I wonder if the deadlock might be happening during the mutation phase, leading to something that can't be accurately debugged as it hasn't finished mutating the neural network before it deadlocks.
Might not necessarily mean anything, but just ran some stress tests and such on windows in dev branch (rayon and crossover) and it didn't deadlock once.
Either I'm just really lucky or this has something to do with platform-specific things.
Have you tried high mutation rate ?
Yeah I just got lucky, it happens on any platform.
I did more testing and found that the deadlock is during the running phase, meaning that it's still probably some type of recursive RwLock.
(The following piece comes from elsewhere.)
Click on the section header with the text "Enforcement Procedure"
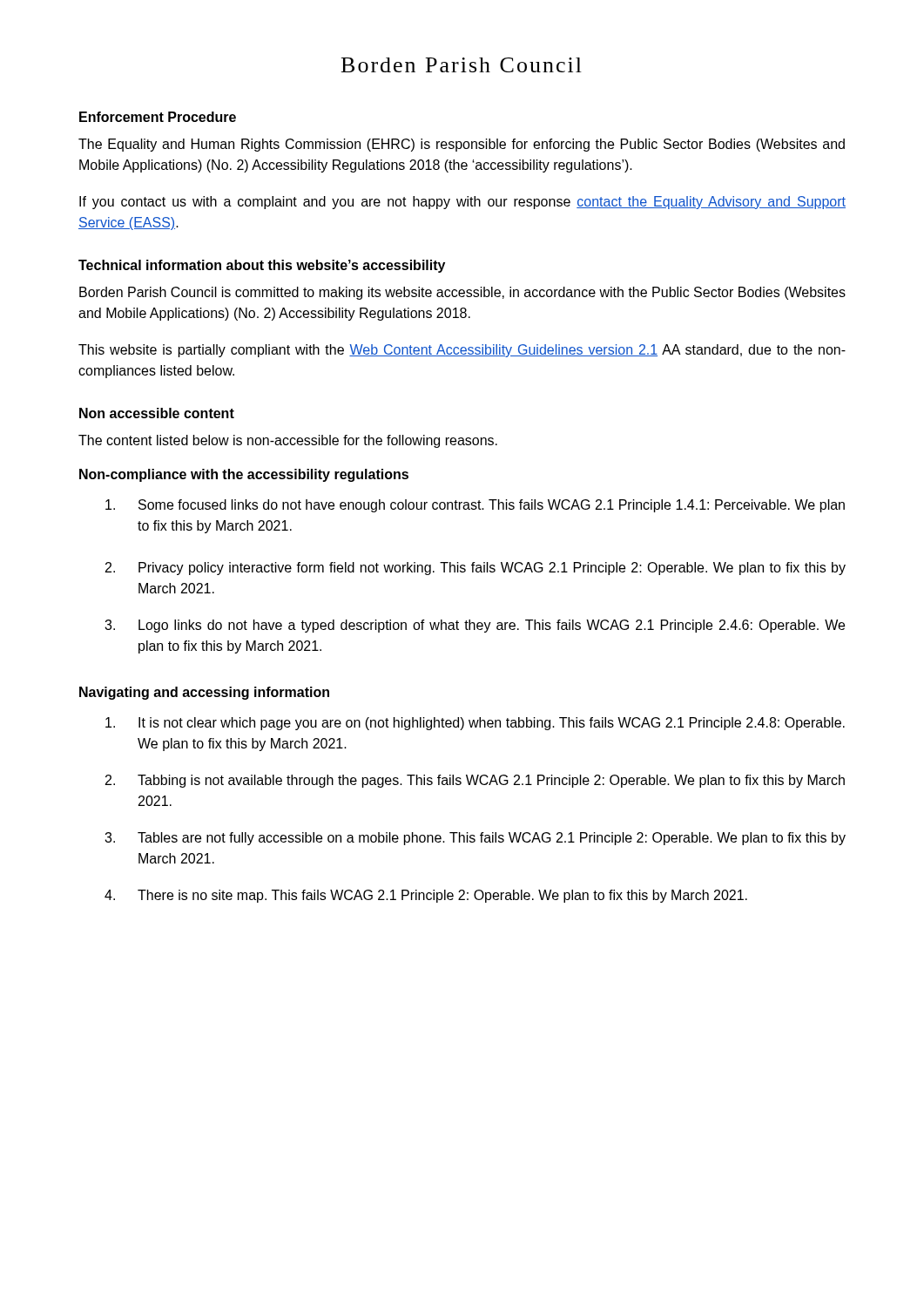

Still can't find this deadlock even after weeks, it's being really evasive.
It's almost certainly a recursive RwLock
or duped input, but I have code to prevent both of those from happening.
I thought it might be something like those while
loops that reroll until a valid state is reached infinitely looping because there is no valid state, but the deadlock doesn't happen during mutation so it can't be that (although probably do want to patch that, it's extremely rare and unlikely to ever happen but is still a possibility).
I'm really just out of ideas for what could possibly cause this issue.
While I think this is definitely a high-priority issue that urgently needs to be fixed, I'll take a break from it so it doesn't keep taking time away from new features and such.
Not sure how this is happening but in extremely rare circumstances it is possible to hang indefinitely. See #57 workflow run for more info.
My guess is there is one very small outlying situation that causes a rwlock to be locked and used by a child node, but this shouldn't be possible with the well-tested circulation prevention algorithm. This definitely requires further debugging, but it is so rare and obscure that it is difficult to catch it and the details about what happened.